Bourbon County, Georgia was a county of the U.S. state of Georgia from 1785 to . The county was created by Georgia in 1785 as part of the Yazoo land scandal out of disputed Yazoo lands in present-day Mississippi and was dissolved in 1788 due to pressure from the federal government.

== History ==
In 1785, Georgia Governor George Mathews signed the Bourbon County Act, which organized Bourbon County, Georgia in the area east of the Mississippi River, south of the Yazoo River, east of various Native American lands and the north of the 31 degree parallel of latitude. At this time the western boundary of the State of Georgia was at the Mississippi River (per the 1763 Treaty of Paris). This area included part of the Natchez area and was also in part of an area that was also claimed by Spain. Bourbon County was created on February 7, 1785.

Thomas Green attempted to assemble and organize Bourbon County, but Spanish authorities resisted his efforts to occupy the territory due to the fact that the county occupied area also claimed by Spain.
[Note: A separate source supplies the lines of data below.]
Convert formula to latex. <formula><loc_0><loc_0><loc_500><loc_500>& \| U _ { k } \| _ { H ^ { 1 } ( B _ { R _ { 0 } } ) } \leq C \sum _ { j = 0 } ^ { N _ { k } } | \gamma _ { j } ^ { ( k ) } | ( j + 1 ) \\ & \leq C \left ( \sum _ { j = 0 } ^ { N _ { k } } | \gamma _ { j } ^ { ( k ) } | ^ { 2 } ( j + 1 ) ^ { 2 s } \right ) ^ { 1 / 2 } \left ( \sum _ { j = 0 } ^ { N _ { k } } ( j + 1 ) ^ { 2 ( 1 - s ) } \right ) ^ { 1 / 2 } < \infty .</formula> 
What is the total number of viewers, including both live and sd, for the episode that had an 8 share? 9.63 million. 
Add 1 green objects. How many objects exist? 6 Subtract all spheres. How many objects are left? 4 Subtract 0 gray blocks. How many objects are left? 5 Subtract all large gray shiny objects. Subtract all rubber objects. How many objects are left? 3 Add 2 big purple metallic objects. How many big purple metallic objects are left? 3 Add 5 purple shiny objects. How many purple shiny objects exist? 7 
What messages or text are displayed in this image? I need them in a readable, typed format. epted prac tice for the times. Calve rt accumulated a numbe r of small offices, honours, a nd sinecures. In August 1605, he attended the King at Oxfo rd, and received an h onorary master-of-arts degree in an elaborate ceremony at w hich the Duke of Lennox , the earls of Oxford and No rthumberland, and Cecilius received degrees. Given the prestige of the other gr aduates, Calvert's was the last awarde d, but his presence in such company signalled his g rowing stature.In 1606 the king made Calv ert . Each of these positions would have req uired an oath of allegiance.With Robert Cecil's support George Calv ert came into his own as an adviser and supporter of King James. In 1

The State of Georgia appointed civil and judicial officers for the new county, but under pressure from the federal government, the Georgia General Assembly repealed the act creating Bourbon County on February 1, 1788, with the intent to reduce diplomatic tensions with Spain. The federal government opposed the existence of Bourbon County because of the unresolved Spanish claim, and because claims to the area by the Choctaw and Chickasaw Native American tribes had existed previously.
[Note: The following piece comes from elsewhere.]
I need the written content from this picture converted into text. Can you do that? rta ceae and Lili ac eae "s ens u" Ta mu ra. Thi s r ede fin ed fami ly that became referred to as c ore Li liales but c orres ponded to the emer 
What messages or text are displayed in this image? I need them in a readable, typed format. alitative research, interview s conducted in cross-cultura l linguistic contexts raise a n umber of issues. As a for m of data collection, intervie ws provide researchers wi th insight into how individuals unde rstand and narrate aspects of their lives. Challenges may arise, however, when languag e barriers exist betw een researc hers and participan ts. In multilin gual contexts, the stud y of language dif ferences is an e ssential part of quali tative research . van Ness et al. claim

It was believed that Bourbon County was named for the House of Bourbon, the European royal dynasty.

== Officers ==
In the 1785 organizing act, the following settlers were named justices of the peace: Tacitus Gaillard, Thomas Green, Sutton Banks, Nicolas Long, William Davenport, Nathaniel Christmas, William McIntosh Jr., Benjamin Farar, Cato West, Thomas Marston Green, William Anderson, Adam Bingaman, and John Ellis. Abner Green was designated register of probate.

==See also==
- List of counties in Georgia
- Bourbon County, Kansas
- Bourbon County, Kentucky

== Sources ==
- Burnett, Edmund Cody (1910). "Papers relating to Bourbon County, Georgia, 1785–1786"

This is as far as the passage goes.